◆ HOW TO COMPLETE THIS TASK: Copy out the data below. Leave nothing out and alter nothing.

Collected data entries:
•••••
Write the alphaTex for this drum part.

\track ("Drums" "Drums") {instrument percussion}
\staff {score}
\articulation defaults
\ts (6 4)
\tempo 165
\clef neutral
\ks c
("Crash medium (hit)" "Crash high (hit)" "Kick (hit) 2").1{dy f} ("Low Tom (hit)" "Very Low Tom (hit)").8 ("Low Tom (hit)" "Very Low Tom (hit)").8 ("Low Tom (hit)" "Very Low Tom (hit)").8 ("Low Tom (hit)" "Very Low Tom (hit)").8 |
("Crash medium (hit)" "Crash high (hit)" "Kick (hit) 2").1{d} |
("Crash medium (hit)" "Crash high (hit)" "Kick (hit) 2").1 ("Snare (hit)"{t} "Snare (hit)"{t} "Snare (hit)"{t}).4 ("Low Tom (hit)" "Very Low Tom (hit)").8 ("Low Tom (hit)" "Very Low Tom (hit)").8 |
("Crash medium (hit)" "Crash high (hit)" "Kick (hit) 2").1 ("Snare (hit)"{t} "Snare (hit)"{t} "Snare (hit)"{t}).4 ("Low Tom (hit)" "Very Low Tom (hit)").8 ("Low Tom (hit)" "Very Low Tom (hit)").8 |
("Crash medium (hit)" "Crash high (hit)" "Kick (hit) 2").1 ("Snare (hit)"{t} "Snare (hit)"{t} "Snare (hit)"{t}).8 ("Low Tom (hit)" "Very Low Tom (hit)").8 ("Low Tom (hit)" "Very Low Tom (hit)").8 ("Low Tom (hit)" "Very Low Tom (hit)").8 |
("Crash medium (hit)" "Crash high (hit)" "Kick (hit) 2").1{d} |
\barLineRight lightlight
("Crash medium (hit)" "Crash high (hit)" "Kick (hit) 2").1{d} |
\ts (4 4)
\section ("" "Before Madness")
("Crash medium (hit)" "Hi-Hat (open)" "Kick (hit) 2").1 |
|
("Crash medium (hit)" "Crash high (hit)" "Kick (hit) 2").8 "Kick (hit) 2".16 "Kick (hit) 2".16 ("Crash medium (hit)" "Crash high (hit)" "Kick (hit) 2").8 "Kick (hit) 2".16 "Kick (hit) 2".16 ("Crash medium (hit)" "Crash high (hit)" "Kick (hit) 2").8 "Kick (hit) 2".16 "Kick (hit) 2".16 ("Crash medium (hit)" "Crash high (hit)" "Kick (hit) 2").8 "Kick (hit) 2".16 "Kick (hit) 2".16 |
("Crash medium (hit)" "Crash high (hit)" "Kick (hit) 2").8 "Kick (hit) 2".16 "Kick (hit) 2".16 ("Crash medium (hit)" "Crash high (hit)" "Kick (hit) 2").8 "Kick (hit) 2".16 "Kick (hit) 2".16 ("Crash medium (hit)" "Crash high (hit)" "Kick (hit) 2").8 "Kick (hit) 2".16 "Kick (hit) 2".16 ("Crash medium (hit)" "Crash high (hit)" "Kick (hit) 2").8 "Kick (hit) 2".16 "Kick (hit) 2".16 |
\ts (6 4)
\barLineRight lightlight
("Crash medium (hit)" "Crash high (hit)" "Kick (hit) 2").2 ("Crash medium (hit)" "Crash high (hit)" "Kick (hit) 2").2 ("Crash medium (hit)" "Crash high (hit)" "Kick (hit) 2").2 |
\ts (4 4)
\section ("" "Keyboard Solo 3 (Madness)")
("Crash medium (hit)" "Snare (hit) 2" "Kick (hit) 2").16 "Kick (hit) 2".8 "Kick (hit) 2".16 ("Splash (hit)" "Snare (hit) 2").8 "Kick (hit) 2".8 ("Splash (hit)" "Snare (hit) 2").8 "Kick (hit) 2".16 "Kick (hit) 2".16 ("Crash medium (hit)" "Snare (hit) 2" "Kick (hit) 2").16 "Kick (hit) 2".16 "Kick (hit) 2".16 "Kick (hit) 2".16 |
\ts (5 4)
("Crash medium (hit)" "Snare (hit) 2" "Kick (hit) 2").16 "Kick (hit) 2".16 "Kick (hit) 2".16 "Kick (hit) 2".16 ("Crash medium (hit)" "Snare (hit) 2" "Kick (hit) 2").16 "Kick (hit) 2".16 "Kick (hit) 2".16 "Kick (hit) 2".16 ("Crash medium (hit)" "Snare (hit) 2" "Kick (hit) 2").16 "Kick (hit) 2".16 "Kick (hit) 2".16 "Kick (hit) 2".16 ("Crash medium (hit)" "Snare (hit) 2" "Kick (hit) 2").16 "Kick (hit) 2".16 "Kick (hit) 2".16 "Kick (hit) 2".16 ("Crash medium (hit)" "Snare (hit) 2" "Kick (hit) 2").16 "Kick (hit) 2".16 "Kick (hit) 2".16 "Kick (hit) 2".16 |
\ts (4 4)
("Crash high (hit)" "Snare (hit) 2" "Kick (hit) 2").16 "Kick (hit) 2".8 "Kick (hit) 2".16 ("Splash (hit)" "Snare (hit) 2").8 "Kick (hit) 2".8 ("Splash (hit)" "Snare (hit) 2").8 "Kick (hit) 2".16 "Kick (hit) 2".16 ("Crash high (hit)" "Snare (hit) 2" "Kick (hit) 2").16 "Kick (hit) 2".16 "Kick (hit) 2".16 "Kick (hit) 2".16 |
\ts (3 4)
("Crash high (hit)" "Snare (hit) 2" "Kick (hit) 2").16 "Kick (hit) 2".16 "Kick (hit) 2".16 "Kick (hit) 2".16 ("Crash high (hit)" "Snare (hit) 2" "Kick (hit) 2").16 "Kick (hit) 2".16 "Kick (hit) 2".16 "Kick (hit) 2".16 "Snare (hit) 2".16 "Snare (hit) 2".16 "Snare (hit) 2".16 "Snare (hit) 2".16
•••••
◆ EXERCISE RESULT:
Write the alphaTex for this drum part.

\track ("Drums" "Drums") {instrument percussion}
\staff {score}
\articulation defaults
\ts (6 4)
\tempo 165
\clef neutral
\ks c
("Crash medium (hit)" "Crash high (hit)" "Kick (hit) 2").1{dy f} ("Low Tom (hit)" "Very Low Tom (hit)").8 ("Low Tom (hit)" "Very Low Tom (hit)").8 ("Low Tom (hit)" "Very Low Tom (hit)").8 ("Low Tom (hit)" "Very Low Tom (hit)").8 |
("Crash medium (hit)" "Crash high (hit)" "Kick (hit) 2").1{d} |
("Crash medium (hit)" "Crash high (hit)" "Kick (hit) 2").1 ("Snare (hit)"{t} "Snare (hit)"{t} "Snare (hit)"{t}).4 ("Low Tom (hit)" "Very Low Tom (hit)").8 ("Low Tom (hit)" "Very Low Tom (hit)").8 |
("Crash medium (hit)" "Crash high (hit)" "Kick (hit) 2").1 ("Snare (hit)"{t} "Snare (hit)"{t} "Snare (hit)"{t}).4 ("Low Tom (hit)" "Very Low Tom (hit)").8 ("Low Tom (hit)" "Very Low Tom (hit)").8 |
("Crash medium (hit)" "Crash high (hit)" "Kick (hit) 2").1 ("Snare (hit)"{t} "Snare (hit)"{t} "Snare (hit)"{t}).8 ("Low Tom (hit)" "Very Low Tom (hit)").8 ("Low Tom (hit)" "Very Low Tom (hit)").8 ("Low Tom (hit)" "Very Low Tom (hit)").8 |
("Crash medium (hit)" "Crash high (hit)" "Kick (hit) 2").1{d} |
\barLineRight lightlight
("Crash medium (hit)" "Crash high (hit)" "Kick (hit) 2").1{d} |
\ts (4 4)
\section ("" "Before Madness")
("Crash medium (hit)" "Hi-Hat (open)" "Kick (hit) 2").1 |
|
("Crash medium (hit)" "Crash high (hit)" "Kick (hit) 2").8 "Kick (hit) 2".16 "Kick (hit) 2".16 ("Crash medium (hit)" "Crash high (hit)" "Kick (hit) 2").8 "Kick (hit) 2".16 "Kick (hit) 2".16 ("Crash medium (hit)" "Crash high (hit)" "Kick (hit) 2").8 "Kick (hit) 2".16 "Kick (hit) 2".16 ("Crash medium (hit)" "Crash high (hit)" "Kick (hit) 2").8 "Kick (hit) 2".16 "Kick (hit) 2".16 |
("Crash medium (hit)" "Crash high (hit)" "Kick (hit) 2").8 "Kick (hit) 2".16 "Kick (hit) 2".16 ("Crash medium (hit)" "Crash high (hit)" "Kick (hit) 2").8 "Kick (hit) 2".16 "Kick (hit) 2".16 ("Crash medium (hit)" "Crash high (hit)" "Kick (hit) 2").8 "Kick (hit) 2".16 "Kick (hit) 2".16 ("Crash medium (hit)" "Crash high (hit)" "Kick (hit) 2").8 "Kick (hit) 2".16 "Kick (hit) 2".16 |
\ts (6 4)
\barLineRight lightlight
("Crash medium (hit)" "Crash high (hit)" "Kick (hit) 2").2 ("Crash medium (hit)" "Crash high (hit)" "Kick (hit) 2").2 ("Crash medium (hit)" "Crash high (hit)" "Kick (hit) 2").2 |
\ts (4 4)
\section ("" "Keyboard Solo 3 (Madness)")
("Crash medium (hit)" "Snare (hit) 2" "Kick (hit) 2").16 "Kick (hit) 2".8 "Kick (hit) 2".16 ("Splash (hit)" "Snare (hit) 2").8 "Kick (hit) 2".8 ("Splash (hit)" "Snare (hit) 2").8 "Kick (hit) 2".16 "Kick (hit) 2".16 ("Crash medium (hit)" "Snare (hit) 2" "Kick (hit) 2").16 "Kick (hit) 2".16 "Kick (hit) 2".16 "Kick (hit) 2".16 |
\ts (5 4)
("Crash medium (hit)" "Snare (hit) 2" "Kick (hit) 2").16 "Kick (hit) 2".16 "Kick (hit) 2".16 "Kick (hit) 2".16 ("Crash medium (hit)" "Snare (hit) 2" "Kick (hit) 2").16 "Kick (hit) 2".16 "Kick (hit) 2".16 "Kick (hit) 2".16 ("Crash medium (hit)" "Snare (hit) 2" "Kick (hit) 2").16 "Kick (hit) 2".16 "Kick (hit) 2".16 "Kick (hit) 2".16 ("Crash medium (hit)" "Snare (hit) 2" "Kick (hit) 2").16 "Kick (hit) 2".16 "Kick (hit) 2".16 "Kick (hit) 2".16 ("Crash medium (hit)" "Snare (hit) 2" "Kick (hit) 2").16 "Kick (hit) 2".16 "Kick (hit) 2".16 "Kick (hit) 2".16 |
\ts (4 4)
("Crash high (hit)" "Snare (hit) 2" "Kick (hit) 2").16 "Kick (hit) 2".8 "Kick (hit) 2".16 ("Splash (hit)" "Snare (hit) 2").8 "Kick (hit) 2".8 ("Splash (hit)" "Snare (hit) 2").8 "Kick (hit) 2".16 "Kick (hit) 2".16 ("Crash high (hit)" "Snare (hit) 2" "Kick (hit) 2").16 "Kick (hit) 2".16 "Kick (hit) 2".16 "Kick (hit) 2".16 |
\ts (3 4)
("Crash high (hit)" "Snare (hit) 2" "Kick (hit) 2").16 "Kick (hit) 2".16 "Kick (hit) 2".16 "Kick (hit) 2".16 ("Crash high (hit)" "Snare (hit) 2" "Kick (hit) 2").16 "Kick (hit) 2".16 "Kick (hit) 2".16 "Kick (hit) 2".16 "Snare (hit) 2".16 "Snare (hit) 2".16 "Snare (hit) 2".16 "Snare (hit) 2".16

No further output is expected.